Calcutta High Court Orders CBI-SIT to Probe RG Kar Rape-Murder Allegations by June 25

The Calcutta High Court has put the CBI on notice to form a Special Investigation Team for the RG Kar rape-murder case, with an eye on any and all evidence of a cover-up. The SIT is to have a report in by June 25 while the case remains a point of contention for the public and the political class.

In its order, the court has ratcheted up the pressure on the probe, tasking the CBI with looking into claims that parts of the case were hushed up.
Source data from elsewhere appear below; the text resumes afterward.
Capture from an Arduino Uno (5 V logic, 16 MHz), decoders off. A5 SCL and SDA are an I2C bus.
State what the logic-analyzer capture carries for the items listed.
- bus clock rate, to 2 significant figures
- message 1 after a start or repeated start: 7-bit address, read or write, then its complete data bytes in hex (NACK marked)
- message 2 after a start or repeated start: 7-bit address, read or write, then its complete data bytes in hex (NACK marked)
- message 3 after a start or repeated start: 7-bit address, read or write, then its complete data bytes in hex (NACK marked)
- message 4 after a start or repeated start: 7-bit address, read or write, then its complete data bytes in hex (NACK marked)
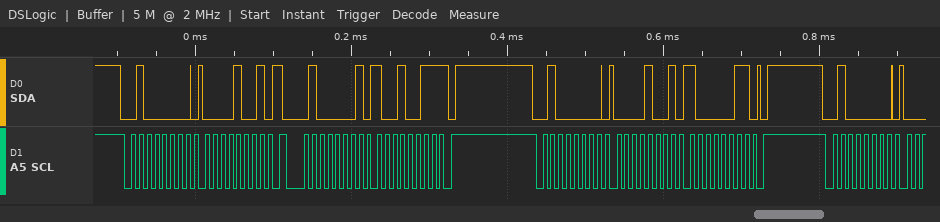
100 kHz
0x20 write: 09
0x20 read: 93 NACK
0x20 write: 09 83
0x20 write
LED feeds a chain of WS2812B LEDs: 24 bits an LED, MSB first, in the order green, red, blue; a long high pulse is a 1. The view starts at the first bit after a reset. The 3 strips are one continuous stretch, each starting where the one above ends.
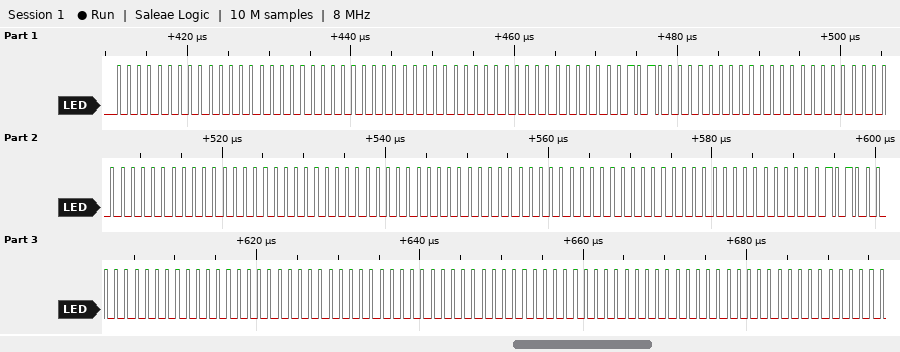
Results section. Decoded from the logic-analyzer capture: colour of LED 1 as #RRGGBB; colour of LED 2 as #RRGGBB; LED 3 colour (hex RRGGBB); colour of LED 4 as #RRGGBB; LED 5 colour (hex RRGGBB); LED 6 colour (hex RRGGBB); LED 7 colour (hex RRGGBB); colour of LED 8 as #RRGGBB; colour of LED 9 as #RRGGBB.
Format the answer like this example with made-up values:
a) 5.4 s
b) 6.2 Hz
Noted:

It’s a move to address the kind of credibility issues that have been a thorn for the victims’ family and the medical community alike.

What the bench wants is a straight answer: were key steps in the investigation botched? Was evidence put at risk? The June 25 deadline is a clear sign the court is after some accountability.

What the court has ordered

Heading up this fresh look will be a three-man team from the CBI, led by the joint director (east). The other two are to be named in the next 48 hours.

The scope of the work is very much defined. The SIT has to piece together what happened from the moment the trainee doctor was having dinner at the college on the night of the incident to her cremation the next day. Given the social weight of the case, the court has asked for a full accounting when it comes back before them on the 25th.

Timeline shaping the new probe

Then there is the matter of Sanjay Roy, the civic volunteer and main accused. He was found guilty on January 18, 2025, and made to do life on the 20th. By the 24th, the CBI was in court asking for the death penalty. Roy, for his part, put in an appeal for acquittal on July 9.

It all goes back to August 9, 2024, when the post-graduate on duty was raped and killed on the hospital grounds. The High Court gave the file to the CBI four days later. The victim’s parents, not satisfied, called for a new inquiry in late December.

The makeup of the bench has seen some shuffling over time. Justice Tirthankar Ghosh stepped aside in late August; a division of Justices Debangsu Basak and Md. Shabbar Rashidi let the case go in March 2026. This latest word comes from Justices Shampa Sarkar and Tirthankar Ghosh.

Claims under scrutiny and implications

You can see why the court is being so specific. There are charges of evidence being destroyed and the incident being minimised in the days after. The parents say there was more than one person in on it, and the SIT will have to put that to the test.

According to the court, the SIT will focus on:
– Events from dinner to cremation
– Possible evidence destruction
– Any attempt to downplay the crime
– Preparing a comprehensive status report by June 25

Administrative fallout beyond the courtroom

This order is only five days old since the Suvendu Adhikari government put the brakes on three top IPS officers for their part in the early days of the probe. It shows how the case has grown well past a simple conviction.

Adhikari has made it known that former Kolkata Police Commissioner Vineet Goyal, as well as ex-deputy commissioners Indira Mukherjee and Abhishek Gupta, are in hot water. They are accused of everything from running an unauthorised presser to trying to buy off the parents with a bribe.

The chief minister has been at pains to say the state will keep out of the CBI’s way now and only concern itself with what the Kolkata Police did before they ceded control. It’s a way of minding the court while putting some distance between the government and the original handling of the case.

What happens next

So the CBI has 48 hours to put the SIT in place and a month to make its report. The High Court will be in session on the 25th to see where things stand.

There are still other matters in the pipeline. The CBI’s push for the death penalty and Roy’s counter-appeal are yet to be decided. And in the meantime, you have a sense of a wider conspiracy and a state-led hush job in the air, fuelled by what is being said in court and in the streets by doctors across the country.